— Exercise requirements —
In the data below, find the line containing "- small box (867,478,1064,608)", then set down that line and every later line up to and including the line containing "Please provide a", exactly.

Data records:
=== Begin Enclosure ===

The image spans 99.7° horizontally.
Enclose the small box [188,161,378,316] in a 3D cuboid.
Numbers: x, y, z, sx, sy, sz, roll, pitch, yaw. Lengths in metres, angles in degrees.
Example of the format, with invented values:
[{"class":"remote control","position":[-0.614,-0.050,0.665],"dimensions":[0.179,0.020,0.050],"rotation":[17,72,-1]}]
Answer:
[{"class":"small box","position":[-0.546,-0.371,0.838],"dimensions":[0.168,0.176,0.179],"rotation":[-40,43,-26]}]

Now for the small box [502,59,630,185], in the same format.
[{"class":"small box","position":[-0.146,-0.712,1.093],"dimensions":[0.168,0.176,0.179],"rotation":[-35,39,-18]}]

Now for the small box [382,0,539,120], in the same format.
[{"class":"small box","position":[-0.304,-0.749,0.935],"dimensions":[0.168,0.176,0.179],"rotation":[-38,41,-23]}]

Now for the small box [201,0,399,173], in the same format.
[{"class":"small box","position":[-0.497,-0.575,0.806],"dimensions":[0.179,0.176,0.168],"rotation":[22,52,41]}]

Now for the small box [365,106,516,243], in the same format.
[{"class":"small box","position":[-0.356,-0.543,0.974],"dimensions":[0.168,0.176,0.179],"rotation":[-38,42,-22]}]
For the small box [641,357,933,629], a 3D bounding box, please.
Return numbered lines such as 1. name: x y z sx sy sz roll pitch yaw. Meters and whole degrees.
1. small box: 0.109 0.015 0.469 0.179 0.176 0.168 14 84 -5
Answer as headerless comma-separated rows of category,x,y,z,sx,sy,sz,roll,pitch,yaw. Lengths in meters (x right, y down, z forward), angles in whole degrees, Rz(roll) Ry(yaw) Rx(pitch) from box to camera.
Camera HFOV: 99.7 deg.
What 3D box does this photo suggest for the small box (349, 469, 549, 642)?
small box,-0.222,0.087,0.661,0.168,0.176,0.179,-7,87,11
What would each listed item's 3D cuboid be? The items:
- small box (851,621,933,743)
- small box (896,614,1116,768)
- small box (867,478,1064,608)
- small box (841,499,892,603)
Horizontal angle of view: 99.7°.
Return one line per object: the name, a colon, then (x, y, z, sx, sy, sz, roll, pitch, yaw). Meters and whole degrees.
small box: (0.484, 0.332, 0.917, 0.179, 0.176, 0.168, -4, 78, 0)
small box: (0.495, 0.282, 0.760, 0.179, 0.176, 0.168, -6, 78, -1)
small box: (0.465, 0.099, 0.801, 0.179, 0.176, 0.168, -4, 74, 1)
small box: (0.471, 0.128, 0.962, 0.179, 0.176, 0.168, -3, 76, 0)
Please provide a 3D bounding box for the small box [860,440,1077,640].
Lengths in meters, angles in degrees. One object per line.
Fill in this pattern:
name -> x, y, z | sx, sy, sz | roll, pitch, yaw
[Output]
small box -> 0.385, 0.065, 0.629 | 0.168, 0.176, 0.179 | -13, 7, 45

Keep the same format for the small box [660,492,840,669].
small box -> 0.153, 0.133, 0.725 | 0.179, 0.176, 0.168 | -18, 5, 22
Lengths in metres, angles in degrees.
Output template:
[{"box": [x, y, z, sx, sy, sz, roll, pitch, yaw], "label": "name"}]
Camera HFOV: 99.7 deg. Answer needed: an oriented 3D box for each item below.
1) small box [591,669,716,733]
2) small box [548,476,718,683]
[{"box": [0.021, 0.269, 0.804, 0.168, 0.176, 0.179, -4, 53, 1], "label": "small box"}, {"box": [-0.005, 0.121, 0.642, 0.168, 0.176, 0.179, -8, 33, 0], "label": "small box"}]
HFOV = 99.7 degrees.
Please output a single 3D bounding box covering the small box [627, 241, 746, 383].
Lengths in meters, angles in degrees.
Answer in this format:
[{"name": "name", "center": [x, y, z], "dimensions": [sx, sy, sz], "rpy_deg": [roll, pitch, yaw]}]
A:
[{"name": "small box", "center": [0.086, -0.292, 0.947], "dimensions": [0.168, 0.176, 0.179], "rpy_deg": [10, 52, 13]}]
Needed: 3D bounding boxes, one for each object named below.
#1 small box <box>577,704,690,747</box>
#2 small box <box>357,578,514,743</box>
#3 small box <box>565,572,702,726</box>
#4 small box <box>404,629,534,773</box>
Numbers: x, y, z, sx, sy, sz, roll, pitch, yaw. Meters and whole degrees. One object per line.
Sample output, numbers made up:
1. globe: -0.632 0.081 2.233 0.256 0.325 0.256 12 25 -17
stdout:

=== End Enclosure ===

— Answer to this exercise —
- small box (867,478,1064,608)
- small box (841,499,892,603)
Horizontal angle of view: 99.7°.
Return one line per object: the name, a colon, then (x, y, z, sx, sy, sz, roll, pitch, yaw). Meters and whole degrees.
small box: (0.484, 0.332, 0.917, 0.179, 0.176, 0.168, -4, 78, 0)
small box: (0.495, 0.282, 0.760, 0.179, 0.176, 0.168, -6, 78, -1)
small box: (0.465, 0.099, 0.801, 0.179, 0.176, 0.168, -4, 74, 1)
small box: (0.471, 0.128, 0.962, 0.179, 0.176, 0.168, -3, 76, 0)
Please provide a 3D bounding box for the small box [860,440,1077,640].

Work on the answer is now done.